The original recording starts in the key of A minor, but switches to C major during the choruses. Cohen said, "That's nice. I guess I got that from Spanish music, which has that."

==Reception==
"Famous Blue Raincoat" is widely considered to be one of Cohen's best songs. American Songwriter ranked the number five on their lists of the 10 greatest Leonard Cohen songs.

==Cover versions==
"Famous Blue Raincoat" has also been recorded by numerous other artists, including Tori Amos, Joan Baez, Jonathan Coulton, Nathaniel Rateliff, and Eivør and Jared Louche. It provided the title to Jennifer Warnes' album of cover versions of Cohen's songs.

Damien Rice performed the song at the 2017 Tower of Song: A Memorial Tribute to Leonard Cohen concert. First Aid Kit included it in their Who By Fire memorial tribute sung by Maja Francis.

=="When I Need You" comparison==
The melody of the "hook" line or chorus of "When I Need You" by Leo Sayer is identical to the part of "Famous Blue Raincoat" where the lyrics are as follows: "Jane came by with a lock of your hair, she said that you gave it to her that night, that you planned to go clear." The melody of these lyrics matches the lyrics of "When I Need You" as follows: "(When I) need you, I just close my eyes and I'm with you, and all that I so want to give you, is only a heart beat away."

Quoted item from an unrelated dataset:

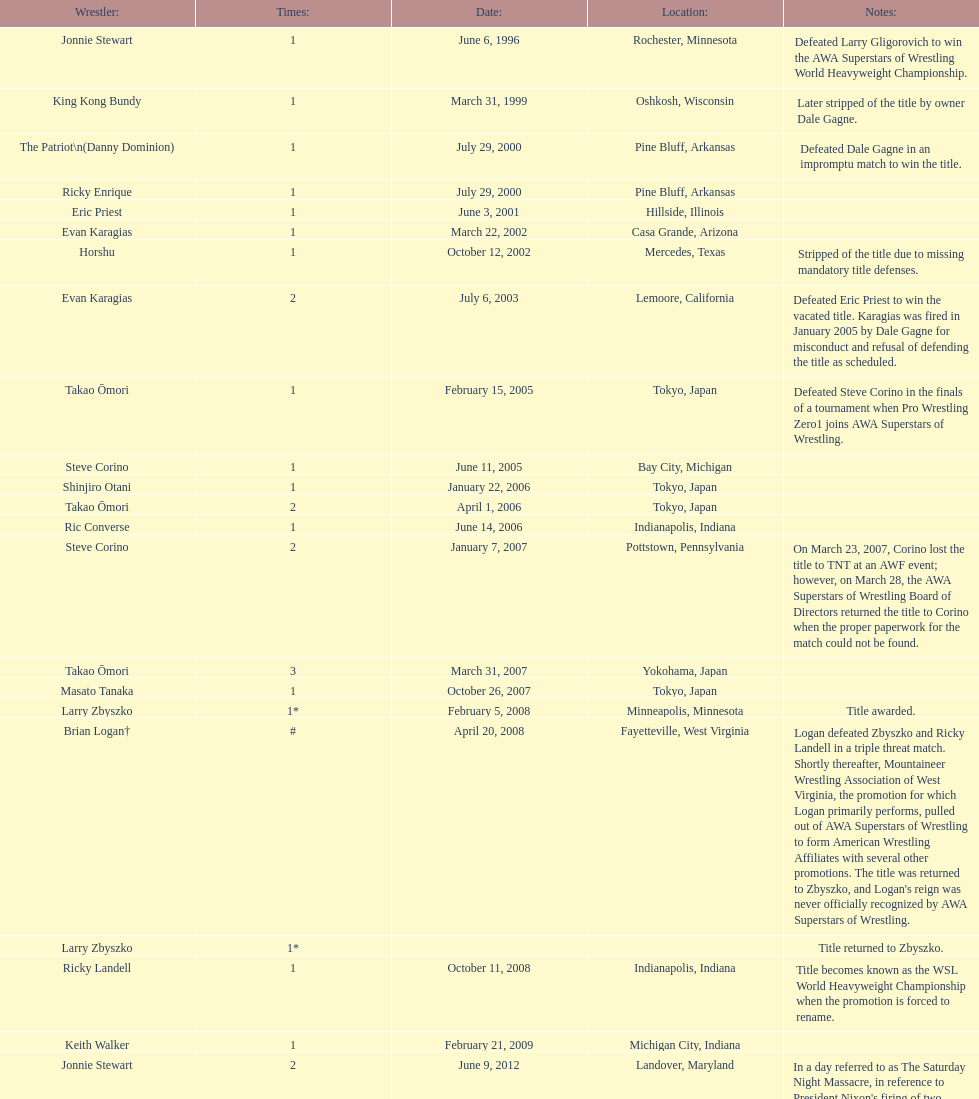Who is listed before keith walker? Ricky Landell. 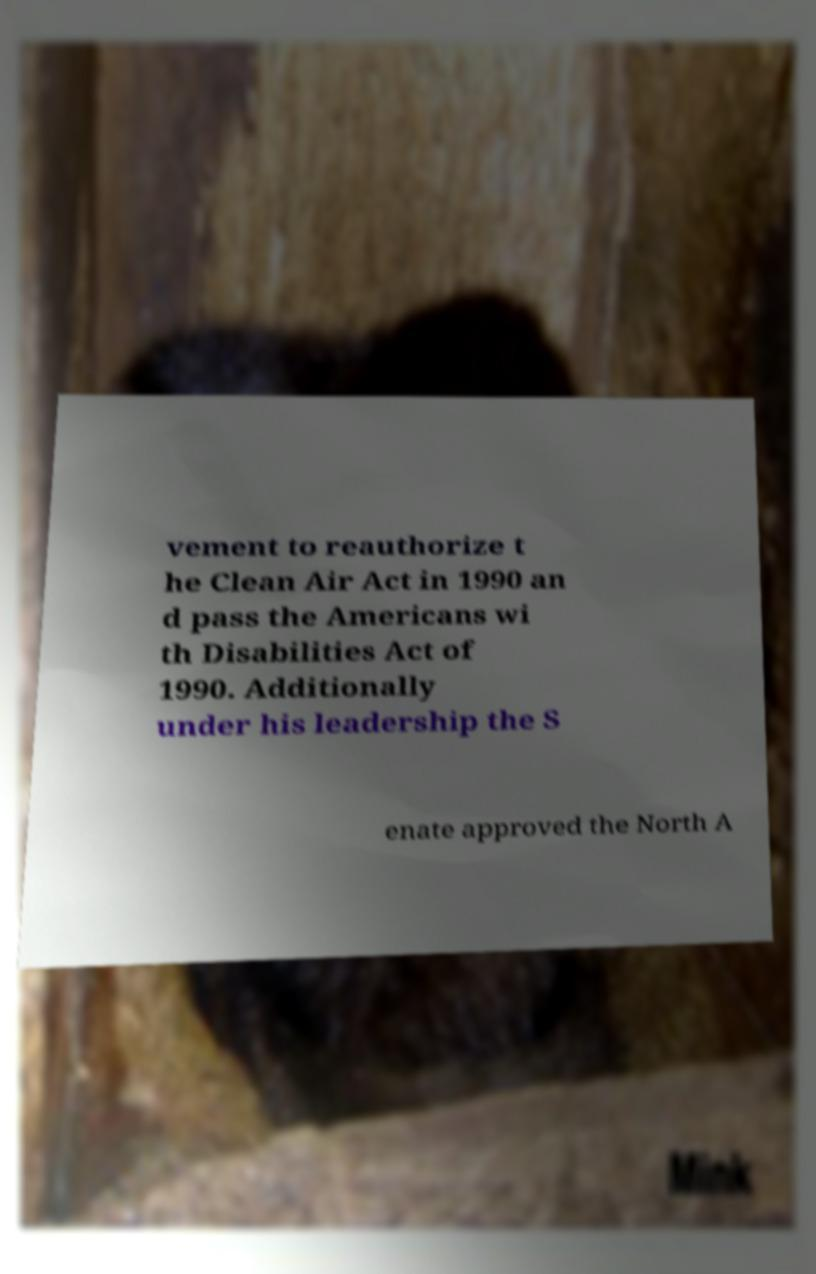There's text embedded in this image that I need extracted. Can you transcribe it verbatim? vement to reauthorize t he Clean Air Act in 1990 an d pass the Americans wi th Disabilities Act of 1990. Additionally under his leadership the S enate approved the North A

In a 2006 interview with The Globe and Mail Cohen said:

"I once had that nicking happen with Leo Sayer. Do you remember that song 'When I Need You'?" Cohen sings the chorus of Sayer's number one hit from 1977, then segues into "And Jane came by with a lock of your hair", a lyric from "Famous Blue Raincoat". "Somebody sued them on my behalf ... and they did settle", even though, he laughs, "they hired a musicologist, who said, that particular motif was in the public domain and, in fact, could be traced back as far as Schubert."